Discussion in 'Brazil Property' started by Jer, Jan 4, 2008.

  1. Jer

    Jer New Member

    Anyone have any information regarding obstacles to owning beachfront land?
    Property rights? Marine tax? Building restrictions?

    Thanks.
     
  2. RalphJ

    RalphJ New Member



    I own a fairly large tract of beachfront land. Property rights are the same as other lands. You do have an additional tax...."terreno da marinha", it comes out to be around 5% at title exchange, the yearly tax is minimal. The only building restrictions outside of the normal ones are you must get building approval from Ibama (fed) and your state environmental regulatory agency, here it's Adema. And you can't build on the initial 20 meters or so in front of the beach.
     
  3. debzor

    debzor New Member

    And you can't build on the initial 20 meters or so in front of the beach.

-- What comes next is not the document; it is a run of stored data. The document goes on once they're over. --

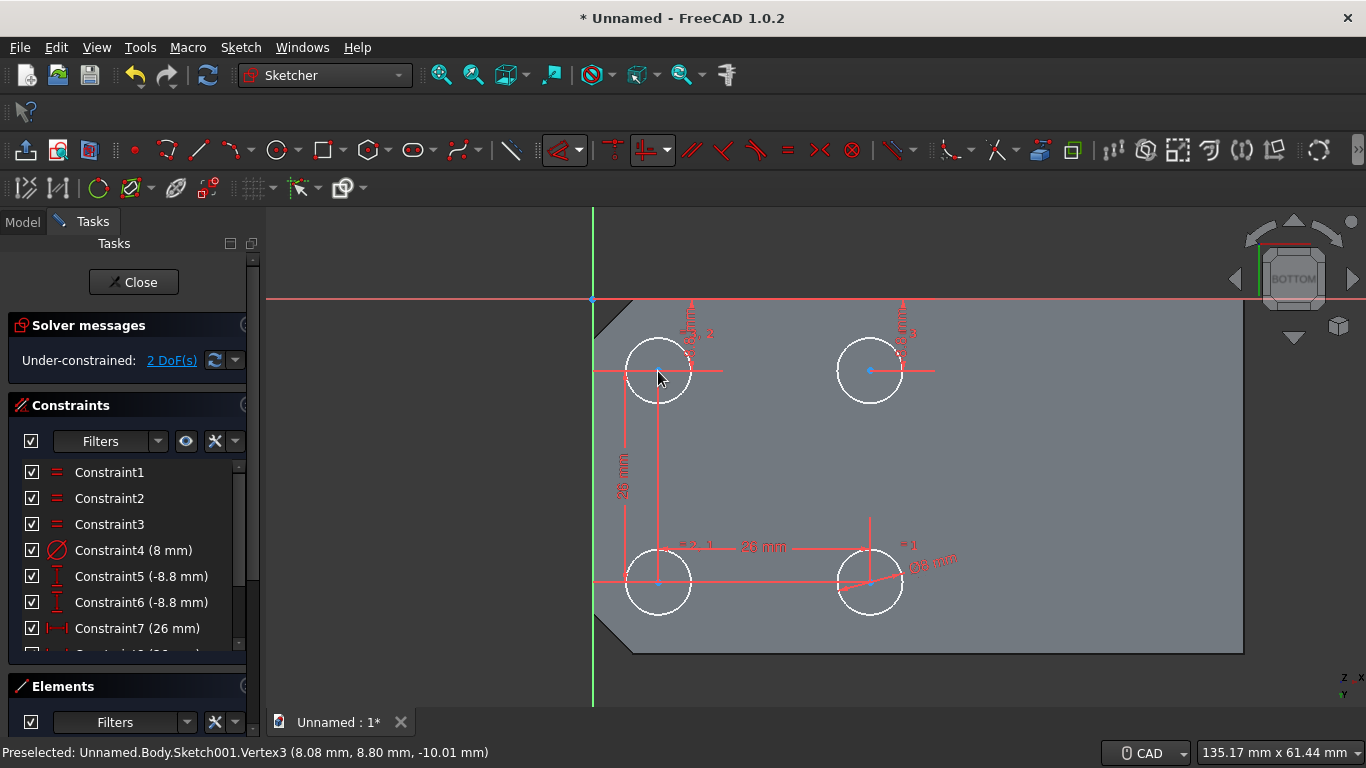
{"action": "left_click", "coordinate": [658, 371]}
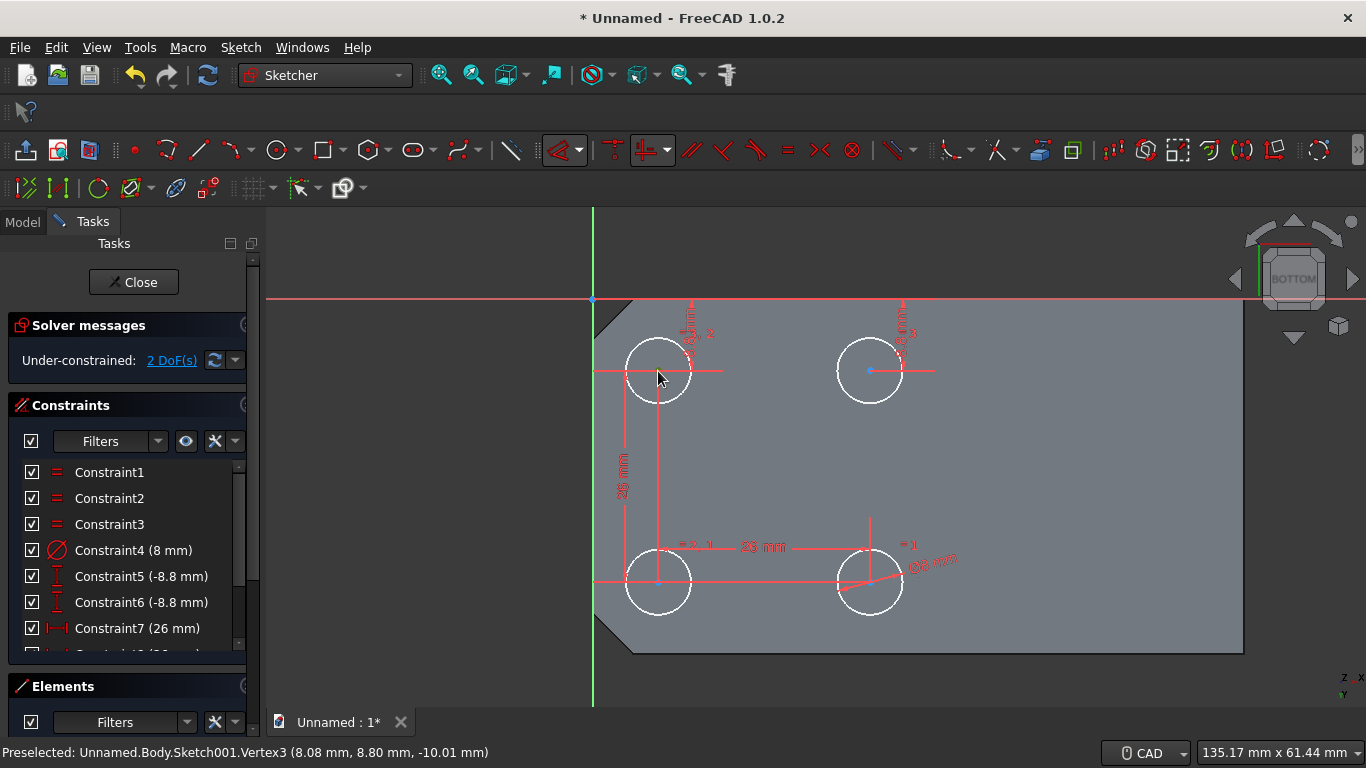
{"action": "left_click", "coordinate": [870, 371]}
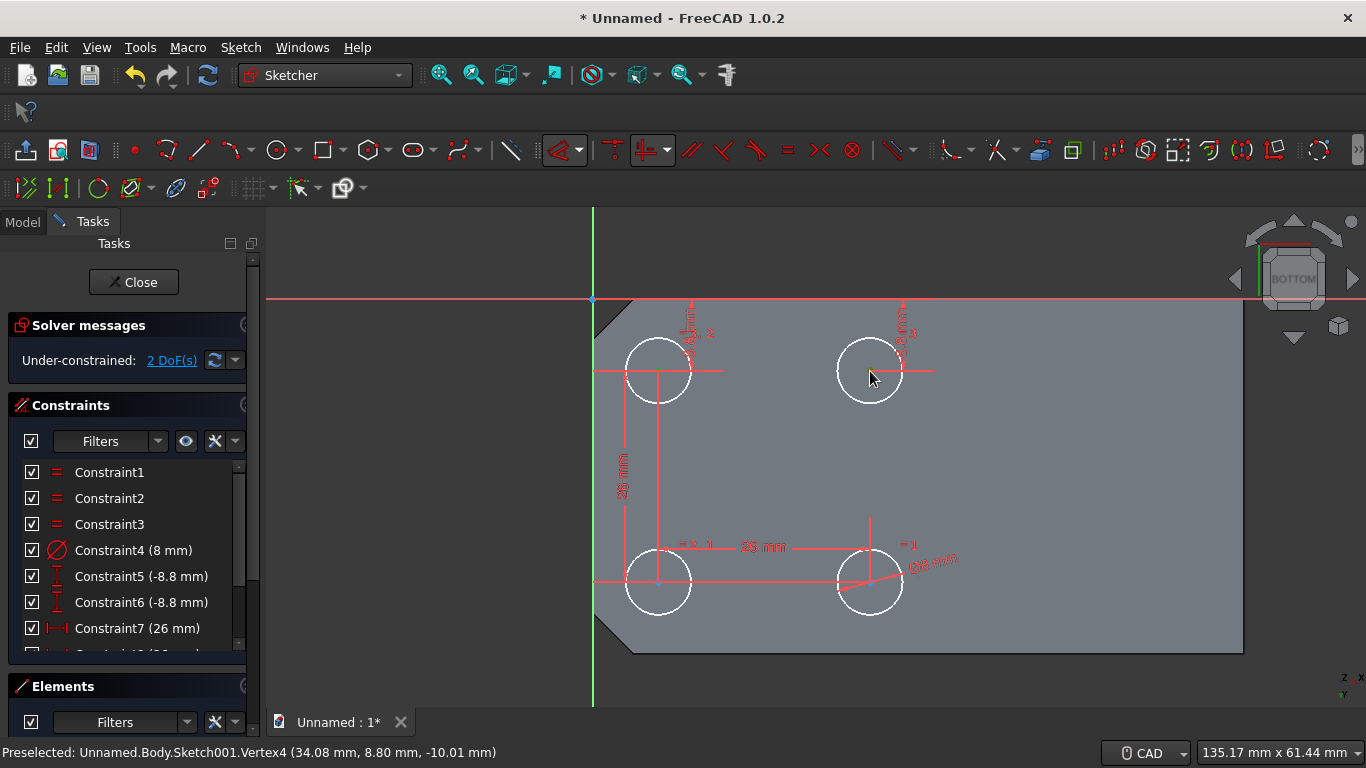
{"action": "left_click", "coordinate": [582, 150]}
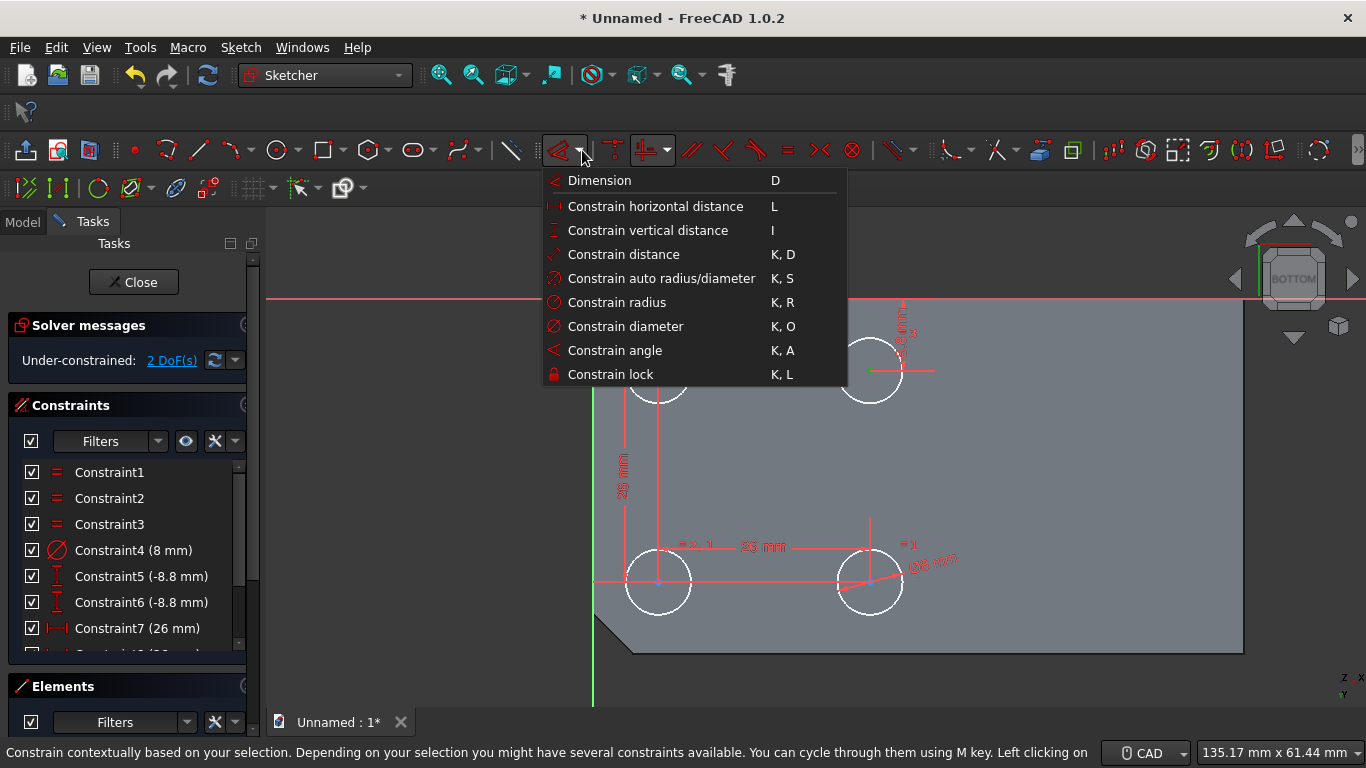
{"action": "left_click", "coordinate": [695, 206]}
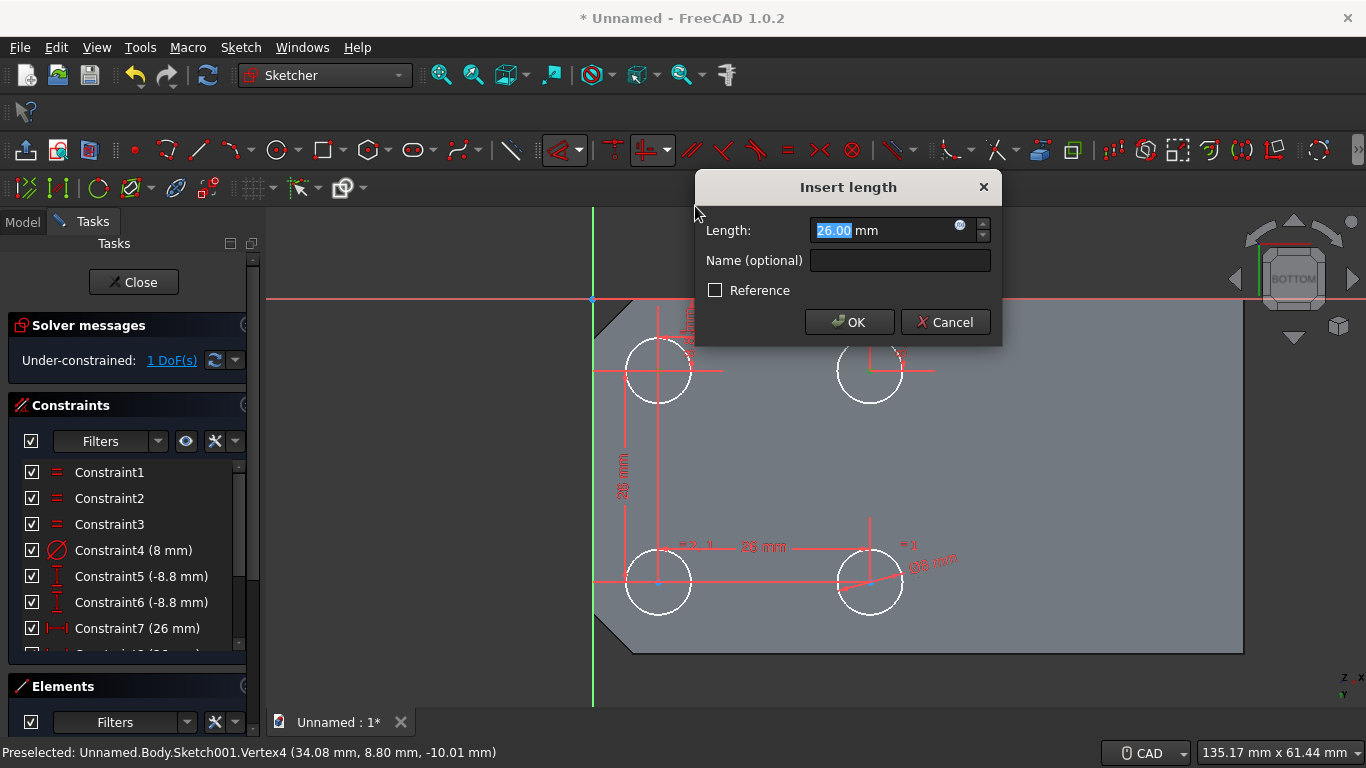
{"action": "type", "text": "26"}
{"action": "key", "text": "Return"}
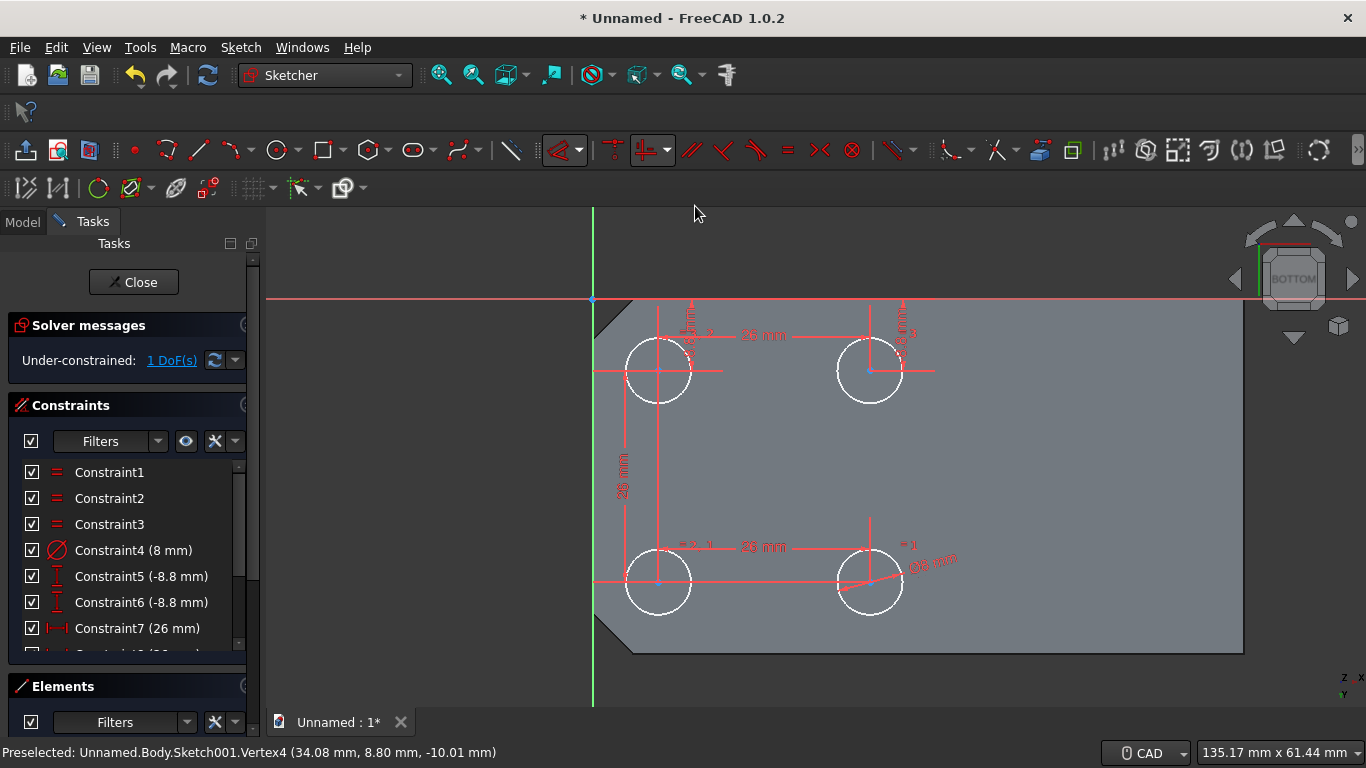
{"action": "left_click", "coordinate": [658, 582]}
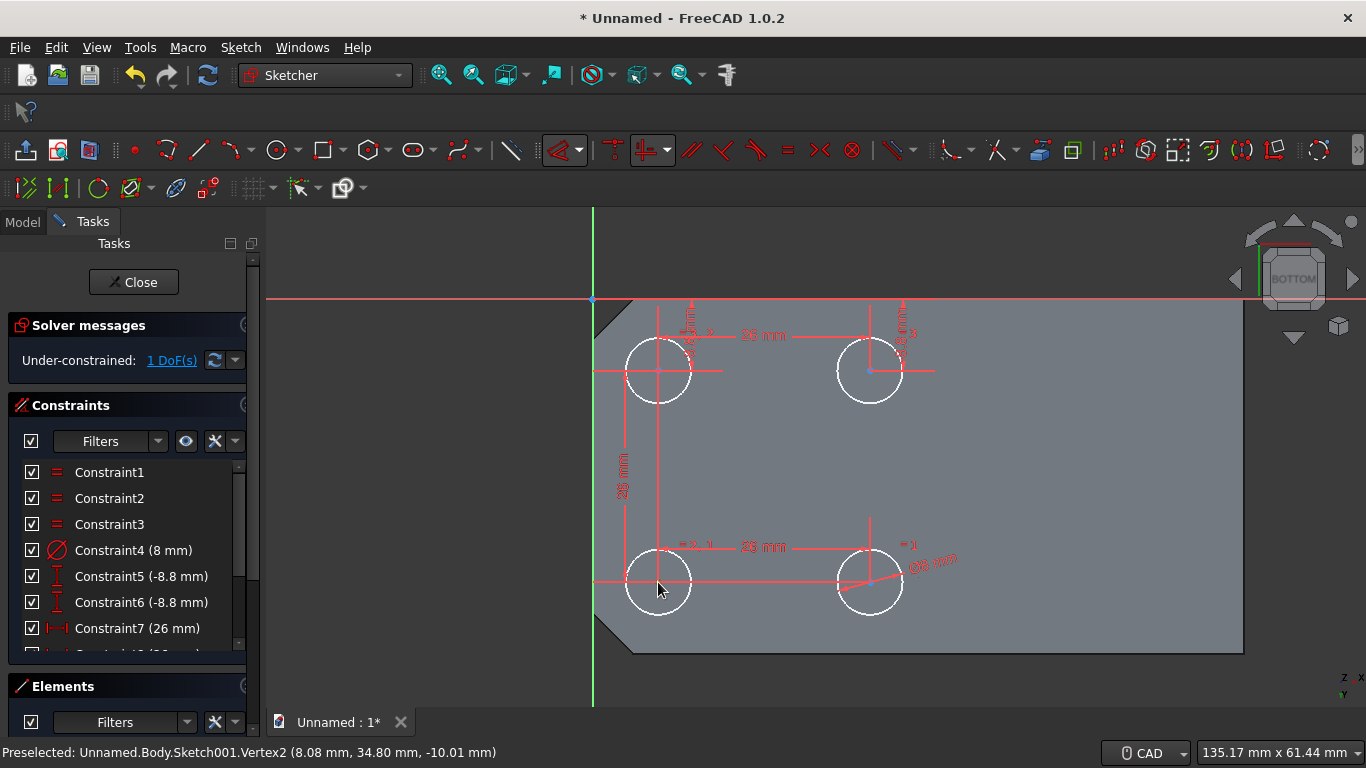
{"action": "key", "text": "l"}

    I think that might be over simplifying it a little - it might be 20 meters or 220 meters. Depends on where the 'build line' is, in front of which it is illegal to construct any permanent structure. Should the sea reclaim the street in front of you, you are obliged to reconstruct it or donate part of your 'private beach' or marina area back to the community so that it can be rebuilt.
     
  4. JMBroad

    JMBroad New Member

    5% of the "valor fiscal" (fiscal value), which is normally much lower than the sales price?
     
  5. RalphJ

    RalphJ New Member

    It's 5% of the value that is on the deed. If you buy a piece of beach front property for 1,000,000 reais, and 1,000,000 reais is the value on the deed, you pay 50,000 reais only for the "terreno da marinha" tax. There is approximately another 3% total of other taxes that you will have to pay as well. So, at title exchange, the purchaser will be obliged to pay approximately 8% of the value on the deed in tax.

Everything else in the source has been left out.